## [EXERCISE PROMPT]
Below are records that hold pictures; write out only the lines from their start through the line with "longitude: 65.5588", exactly, and drop the pictures.

## [EXTRACTED MATERIAL]

*** Begin section ***

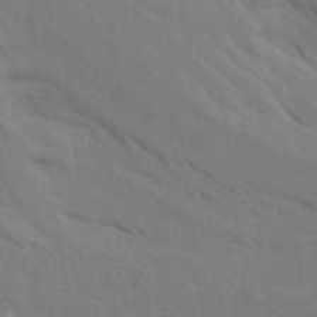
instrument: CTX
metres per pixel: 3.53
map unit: Htu
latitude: -7.1998
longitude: -69.1592
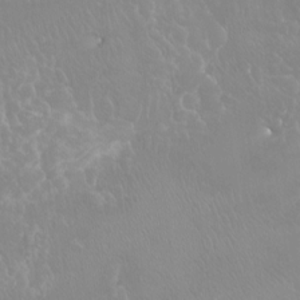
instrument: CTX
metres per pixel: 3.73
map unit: Htu
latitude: -16.1228
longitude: -46.7058
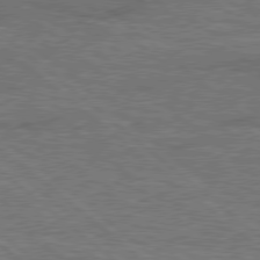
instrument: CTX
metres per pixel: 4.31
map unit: Hpe
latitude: 78.0822
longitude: -153.3671
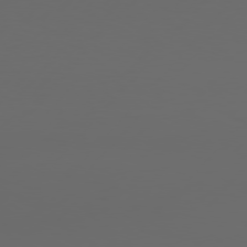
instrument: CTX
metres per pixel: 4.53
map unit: Hpe
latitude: 76.6679
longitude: -139.5182
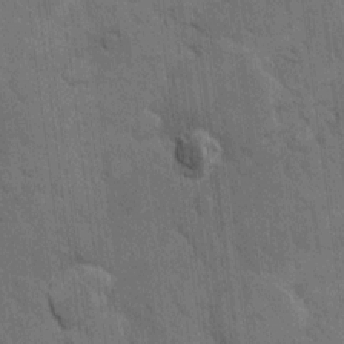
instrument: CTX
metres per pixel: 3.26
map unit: eHh
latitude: 13.6127
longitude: -65.7450
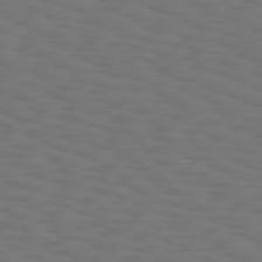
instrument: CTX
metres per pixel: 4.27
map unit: Hpe
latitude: 75.4615
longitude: -132.6679
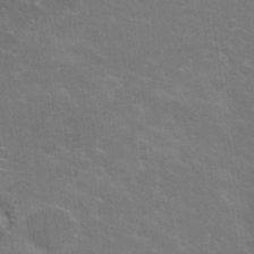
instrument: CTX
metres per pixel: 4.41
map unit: Hto
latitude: 20.8002
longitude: -39.9717
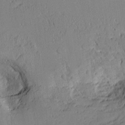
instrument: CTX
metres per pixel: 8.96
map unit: Aa
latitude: 10.8758
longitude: -127.4427
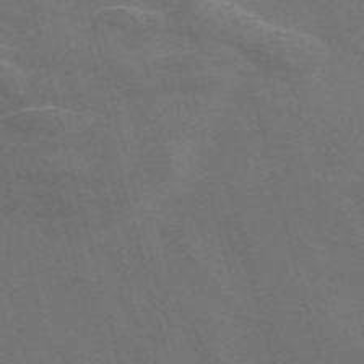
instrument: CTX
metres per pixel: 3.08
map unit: Nve
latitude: -57.9367
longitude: 65.5588
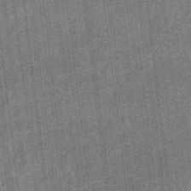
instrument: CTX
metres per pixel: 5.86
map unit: eHb
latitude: -35.8800
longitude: 79.1998
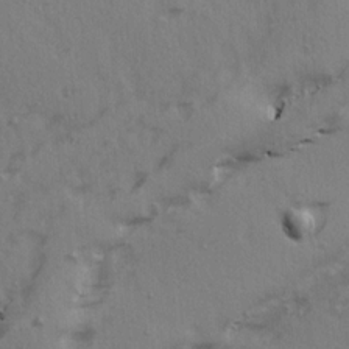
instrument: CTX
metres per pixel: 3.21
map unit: Ave
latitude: 14.8002
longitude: -105.3293
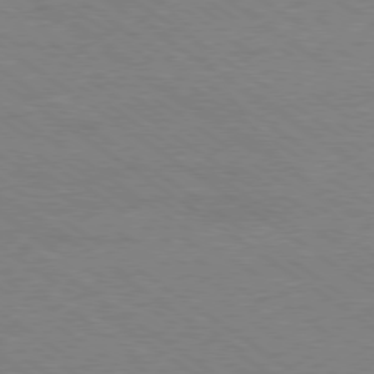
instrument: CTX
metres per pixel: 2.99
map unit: Ap
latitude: -79.2942
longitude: -82.5923
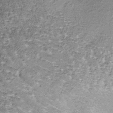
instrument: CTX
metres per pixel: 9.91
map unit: lHb
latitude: -37.1998
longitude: 66.0661
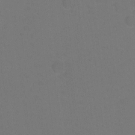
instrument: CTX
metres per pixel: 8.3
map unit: Ht
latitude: 1.6127
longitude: -33.6505
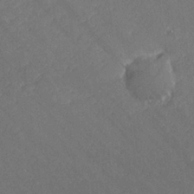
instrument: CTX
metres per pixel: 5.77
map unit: lHvf
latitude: 26.3278
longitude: 140.7841
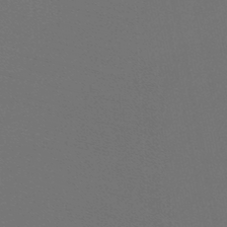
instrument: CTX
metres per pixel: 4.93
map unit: lHb
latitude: -47.3509
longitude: 64.3118
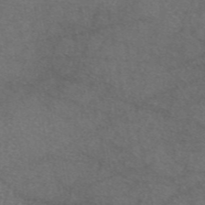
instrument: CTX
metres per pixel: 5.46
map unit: eAb
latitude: 47.1781
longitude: 109.3510
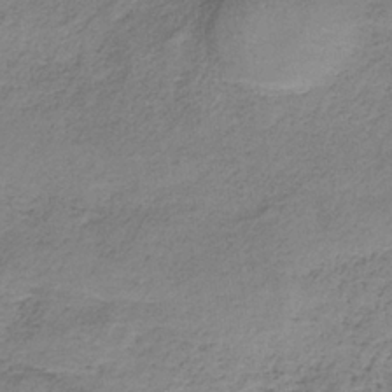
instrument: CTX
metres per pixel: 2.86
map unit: HNb
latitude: -34.3117
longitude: 56.8786
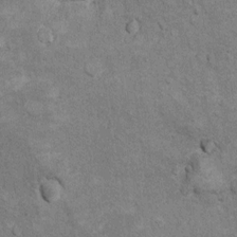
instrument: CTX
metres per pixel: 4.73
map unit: Hto
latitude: 10.2334
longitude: -36.7435
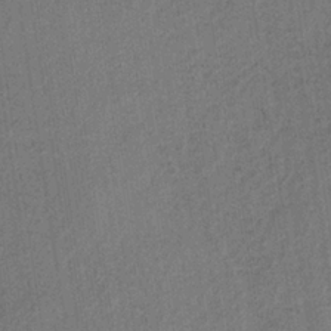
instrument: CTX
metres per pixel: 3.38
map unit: lHb
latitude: -34.5385
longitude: 62.8030
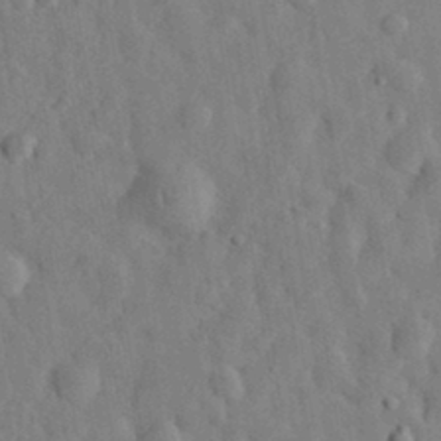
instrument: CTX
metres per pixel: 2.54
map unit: eHh
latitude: 32.3656
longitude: -74.5168
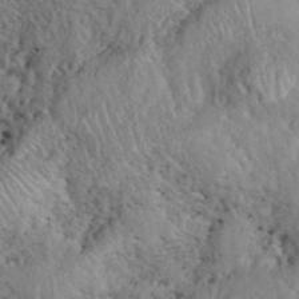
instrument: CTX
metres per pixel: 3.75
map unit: eHh
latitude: 40.2144
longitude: -56.0633
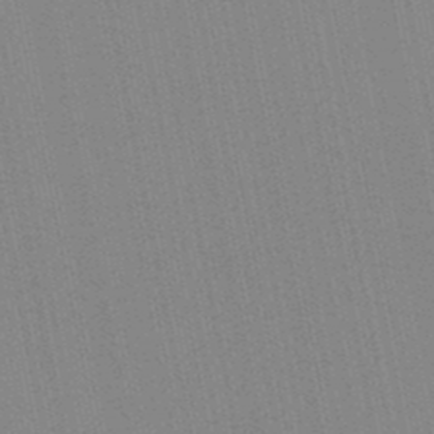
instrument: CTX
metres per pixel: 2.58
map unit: lHb
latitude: -47.1620
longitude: 78.1416
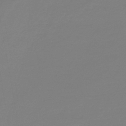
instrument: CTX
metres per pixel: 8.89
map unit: lHb
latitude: -41.9556
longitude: 63.9178
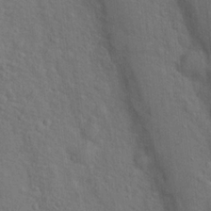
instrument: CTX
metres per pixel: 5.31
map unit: Hto
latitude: 15.5560
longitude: -42.3089
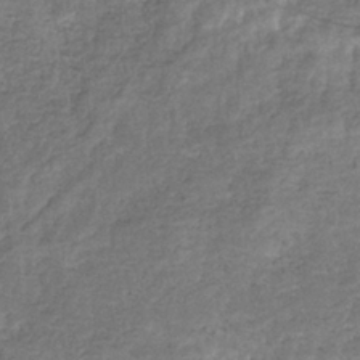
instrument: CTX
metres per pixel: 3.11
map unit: eHb
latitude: -34.2362
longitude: 77.2754
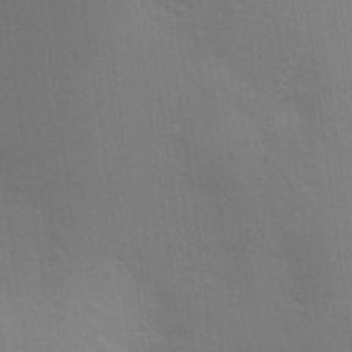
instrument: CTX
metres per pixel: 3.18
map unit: Aa
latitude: 24.2144
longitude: -145.5938
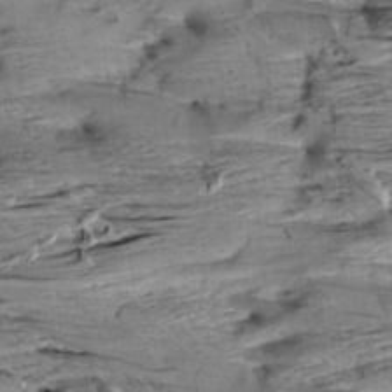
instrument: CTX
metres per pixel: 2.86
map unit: Aa
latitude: 8.7813
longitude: -140.1199
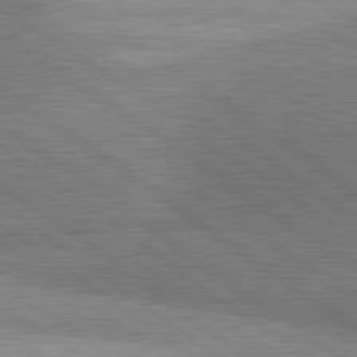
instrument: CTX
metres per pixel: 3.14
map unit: lApd
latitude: 81.3859
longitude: 141.2754
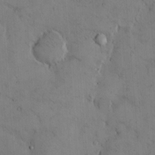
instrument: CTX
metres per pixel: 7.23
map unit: Hto
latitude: 13.7828
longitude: -59.5182
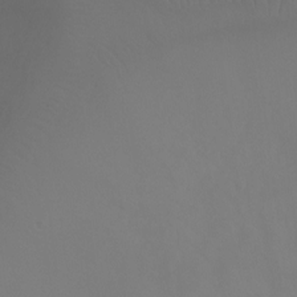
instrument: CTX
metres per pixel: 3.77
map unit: Ht
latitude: -7.5966
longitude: -31.8584
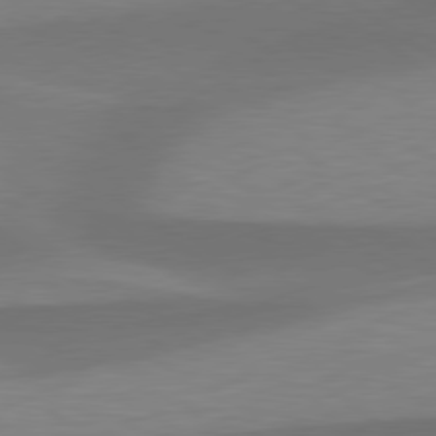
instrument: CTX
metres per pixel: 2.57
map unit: lApd
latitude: 79.4049
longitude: -94.8191
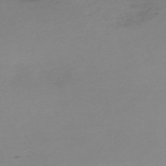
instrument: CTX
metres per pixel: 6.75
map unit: eHh
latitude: -61.1998
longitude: 52.6140
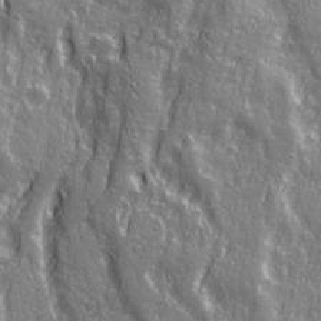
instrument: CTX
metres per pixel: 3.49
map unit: Ave
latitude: 22.9325
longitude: -133.3482
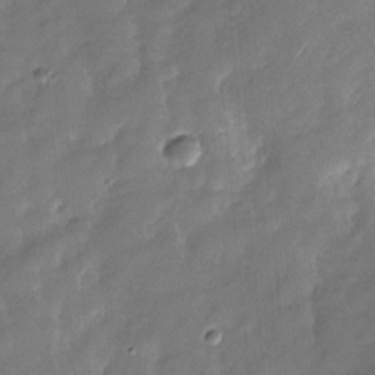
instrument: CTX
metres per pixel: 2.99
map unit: Nhu
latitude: -28.3873
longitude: -74.0822
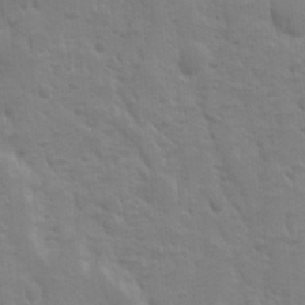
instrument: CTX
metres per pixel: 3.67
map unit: Ave
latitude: 10.1767
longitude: -104.1389
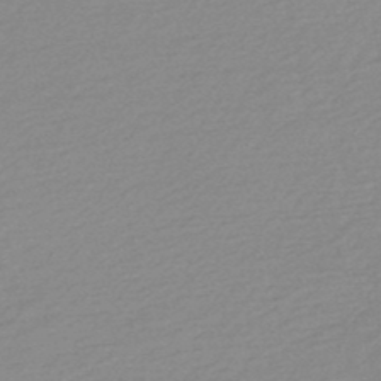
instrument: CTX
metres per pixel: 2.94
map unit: HNb
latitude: -48.1984
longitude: 58.1227
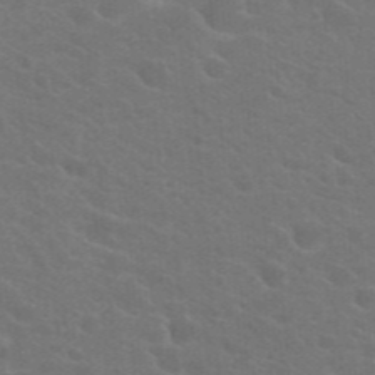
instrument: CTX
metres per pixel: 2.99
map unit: Hto
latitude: 23.1970
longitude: -36.3090
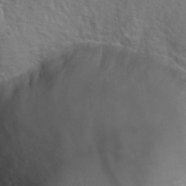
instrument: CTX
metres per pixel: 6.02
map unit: Hto
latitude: 19.1214
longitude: -42.3278
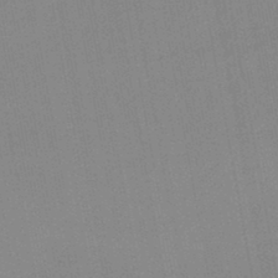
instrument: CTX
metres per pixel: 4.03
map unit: lHb
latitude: -44.3684
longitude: 63.4265
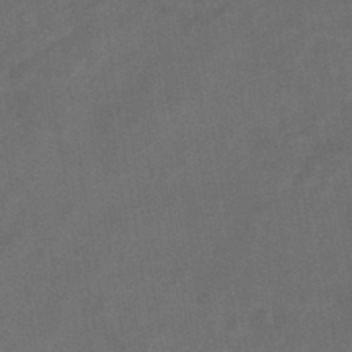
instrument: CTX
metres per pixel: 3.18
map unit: HNb
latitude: -44.2551
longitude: -38.4979
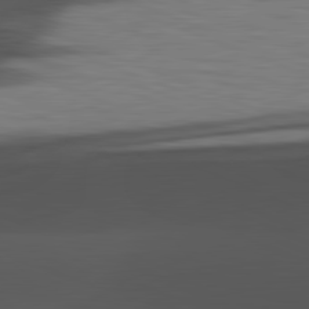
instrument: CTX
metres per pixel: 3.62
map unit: lApd
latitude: 81.8016
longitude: 127.4643
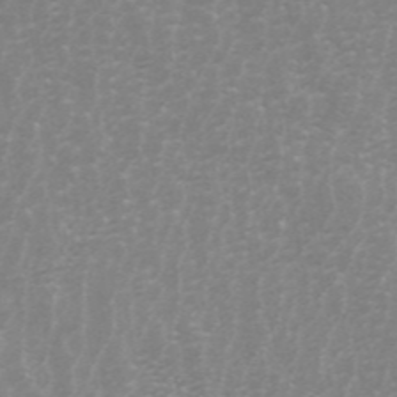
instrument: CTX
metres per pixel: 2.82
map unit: ANa
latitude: 45.3292
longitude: 31.0486
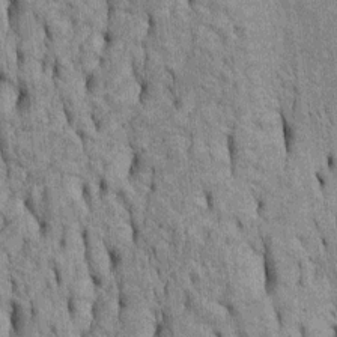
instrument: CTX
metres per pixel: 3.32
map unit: Htu
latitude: -5.3509
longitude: 152.8030
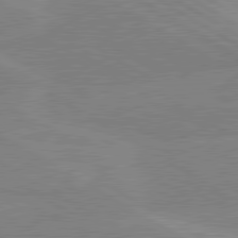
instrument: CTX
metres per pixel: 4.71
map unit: lApd
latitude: 80.4601
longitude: 122.8219
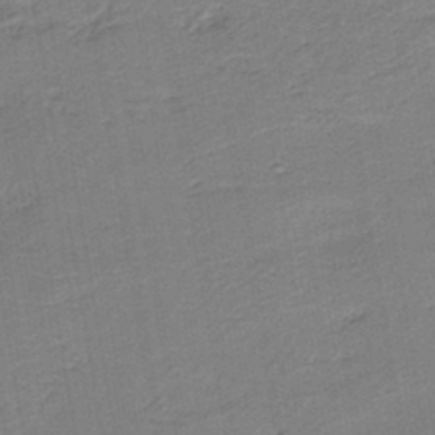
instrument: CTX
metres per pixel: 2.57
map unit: HNb
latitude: -40.5007
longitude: 50.6896
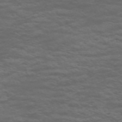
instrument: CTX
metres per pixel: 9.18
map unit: Nve
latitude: -58.8219
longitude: 56.0472
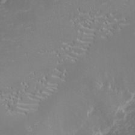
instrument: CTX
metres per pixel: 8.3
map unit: eHh
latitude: -1.7856
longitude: -80.9136
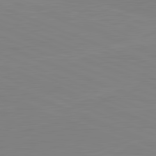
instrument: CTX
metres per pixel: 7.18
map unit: lApd
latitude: 82.0255
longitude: -157.1214
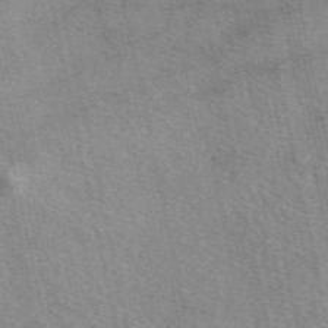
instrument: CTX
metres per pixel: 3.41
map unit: eAb
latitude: 50.2144
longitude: 114.2550
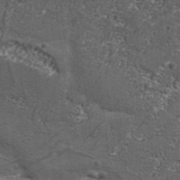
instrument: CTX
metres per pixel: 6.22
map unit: Aa
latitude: 33.9339
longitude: -135.7260
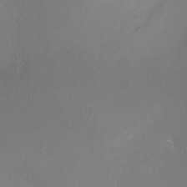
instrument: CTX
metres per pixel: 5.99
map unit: Ht
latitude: -9.2565
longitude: -24.6868
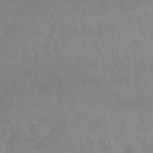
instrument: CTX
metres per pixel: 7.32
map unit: Nhu
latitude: 26.3845
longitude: -61.9717

*** End section ***

## [SOLVED PROBLEM]
instrument: CTX
metres per pixel: 3.53
map unit: Htu
latitude: -7.1998
longitude: -69.1592
instrument: CTX
metres per pixel: 3.73
map unit: Htu
latitude: -16.1228
longitude: -46.7058
instrument: CTX
metres per pixel: 4.31
map unit: Hpe
latitude: 78.0822
longitude: -153.3671
instrument: CTX
metres per pixel: 4.53
map unit: Hpe
latitude: 76.6679
longitude: -139.5182
instrument: CTX
metres per pixel: 3.26
map unit: eHh
latitude: 13.6127
longitude: -65.7450
instrument: CTX
metres per pixel: 4.27
map unit: Hpe
latitude: 75.4615
longitude: -132.6679
instrument: CTX
metres per pixel: 4.41
map unit: Hto
latitude: 20.8002
longitude: -39.9717
instrument: CTX
metres per pixel: 8.96
map unit: Aa
latitude: 10.8758
longitude: -127.4427
instrument: CTX
metres per pixel: 3.08
map unit: Nve
latitude: -57.9367
longitude: 65.5588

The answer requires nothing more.